Een eeuw geleden lieten in de Westhoek honderdduizenden het leven in een loopgravenoorlog, maar ook de ruige Dolomieten in het Italiaanse Zuid-Tirol vormden het theater van een uitputtende strijd. Daar stonden Italiaanse en Oostenrijkse troepen elkaar naar het leven tijdens de eerste hooggebergteoorlog uit de geschiedenis. Voor de wandelaar die dit Unesco Werelderfgoed verkent, liggen de restanten van de oorlog letterlijk voor het oprapen. Als een gems loopt hij, moeiteloos balancerend van steen naar steen, en zoekt hij met gebogen hoofd de bodem af naar herinneringen uit zijn kindertijd. Daniel Rogger loopt met mij door een loopgraaf uit de Eerste Wereldoorlog op meer dan 2.500 meter hoogte. "Kijk, hier ligt weer een stuk schrapnel. Daar speelden mijn zus en ik mee toen we de zomer in de berghut doorbrachten."

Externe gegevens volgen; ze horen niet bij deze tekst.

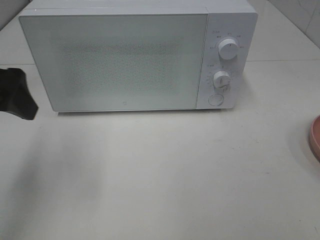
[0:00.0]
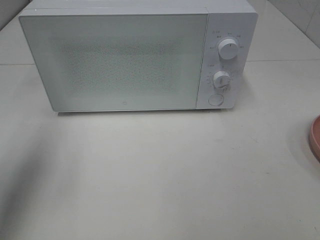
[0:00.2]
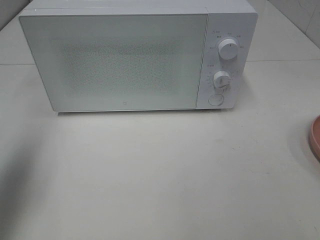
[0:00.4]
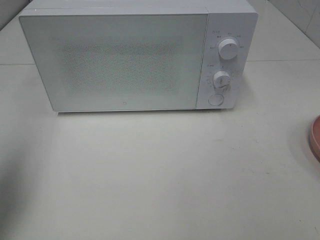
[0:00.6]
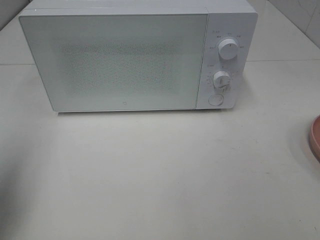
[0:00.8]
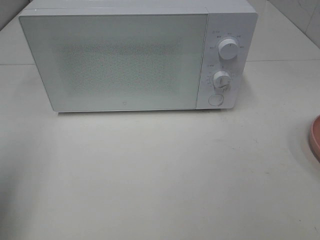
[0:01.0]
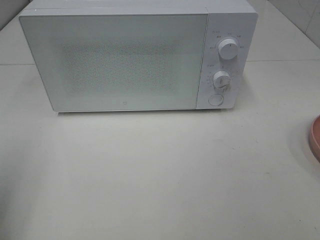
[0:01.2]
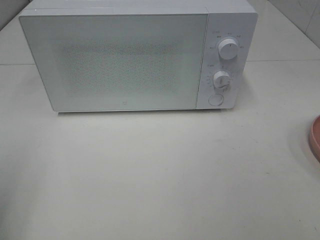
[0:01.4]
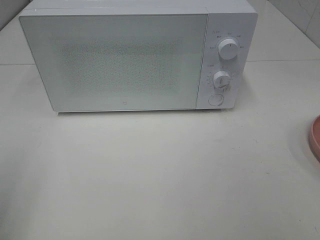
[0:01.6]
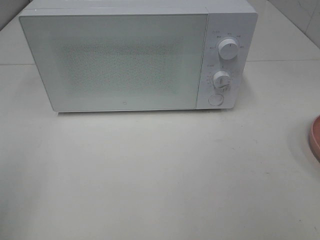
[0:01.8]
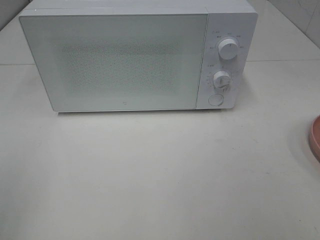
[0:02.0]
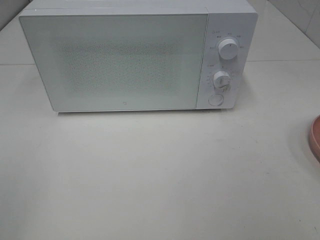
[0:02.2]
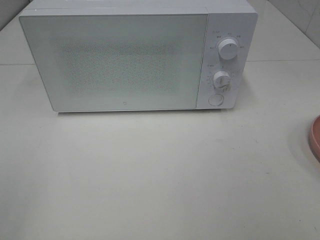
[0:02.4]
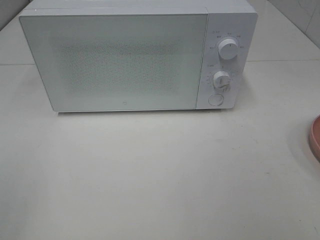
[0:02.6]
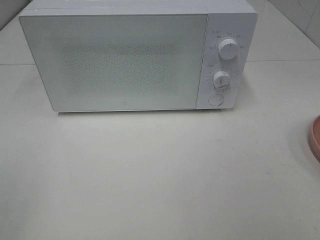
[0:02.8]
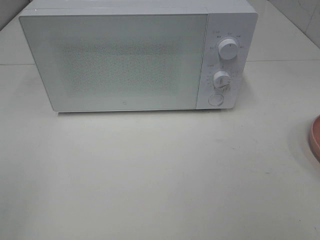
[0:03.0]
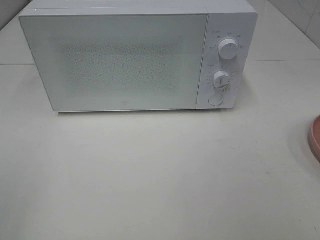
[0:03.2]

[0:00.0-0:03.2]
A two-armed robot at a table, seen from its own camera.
Task of the whole recording: Heat Sandwich.
0.0 to 1.6 s: The left gripper goes some 20 cm backward and to the left.

We wandelen op een schuin rotsplateau achter de Buellelejochhütte, op slechts enkele uren stappen van het toeristenplaatsje Sexten vlak bij de Oostenrijkse grens. Daniels ouders pachten al 35 jaar de gezellige hut uit. Hij en zus Steffi zijn er opgegroeid. Ik ben te gast in de speeltuin van hun jeugd.

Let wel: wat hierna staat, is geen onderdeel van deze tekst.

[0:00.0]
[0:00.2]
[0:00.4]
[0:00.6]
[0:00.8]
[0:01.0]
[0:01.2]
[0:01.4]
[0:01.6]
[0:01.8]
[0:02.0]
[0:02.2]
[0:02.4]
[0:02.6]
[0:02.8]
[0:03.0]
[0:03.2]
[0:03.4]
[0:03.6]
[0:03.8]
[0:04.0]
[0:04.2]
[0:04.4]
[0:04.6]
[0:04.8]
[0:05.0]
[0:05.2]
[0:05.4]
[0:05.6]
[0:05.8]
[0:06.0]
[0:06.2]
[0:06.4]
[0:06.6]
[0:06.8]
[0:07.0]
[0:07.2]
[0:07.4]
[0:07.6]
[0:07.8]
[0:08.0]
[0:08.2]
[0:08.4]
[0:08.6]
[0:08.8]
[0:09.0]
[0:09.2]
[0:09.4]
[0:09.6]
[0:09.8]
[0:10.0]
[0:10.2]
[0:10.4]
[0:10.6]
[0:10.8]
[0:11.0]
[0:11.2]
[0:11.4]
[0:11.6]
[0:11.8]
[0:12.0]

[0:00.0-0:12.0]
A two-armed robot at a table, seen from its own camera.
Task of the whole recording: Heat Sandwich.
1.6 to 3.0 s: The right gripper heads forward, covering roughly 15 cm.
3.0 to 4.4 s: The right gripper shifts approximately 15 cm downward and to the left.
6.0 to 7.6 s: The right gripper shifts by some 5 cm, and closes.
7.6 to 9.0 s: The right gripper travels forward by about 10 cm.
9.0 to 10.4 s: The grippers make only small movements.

Verderop, midden in een ruïne van lage stenen muurtjes, vinden we een puinhoop van staaldraad en geroeste conservenblikken, platgedrukt door 99 winters sneeuw. "Dit was de keukenbarak van het regiment Italiaanse Alpini dat hier zomer en winter gestationeerd was", aldus Daniel Rogger.
Nog verder, achter een rotswand en uit het zicht van de vijand, staan de resten van een officiersbarak. "Deze stelling was voor de Italianen van groot belang. Van hieruit hadden ze een overzicht op de hele frontlinie in dit deel van de Dolomieten, vanaf de Drei Zinnen tot aan de berg Rotwand boven ons dorp. Overal hadden ze de hoogste posities ingenomen. De Oostenrijkers hadden hier eigenlijk geen kans."
Klimmen met kanonnen Vanaf mei 1915 woedde in de Dolomieten de Grande Guerra, zoals de Eerste Wereldoorlog hier genoemd wordt. Het Oostenrijks-Hongaarse Rijk brokkelde af. Er broeide onrust en volkeren wilden het juk van Wenen afwerpen. Nadat Servië in 1914 een oorlog had uitgelokt en Oostenrijkers - inclusief de Tiroolse volkslegers - naar het Oostfront waren gestuurd, greep de jonge Italiaanse natie haar kans en verklaarde zij op 23 mei 1915 Oostenrijk de oorlog. In allerijl werden Tiroolse mannen gemobiliseerd om de grens te bewaken. Zij namen, gezien hun geringe aantallen, de makkelijkst te verdedigen posities in, boven op de bergkammen. Zo ontstond een Tirools front van 600 kilometer lang.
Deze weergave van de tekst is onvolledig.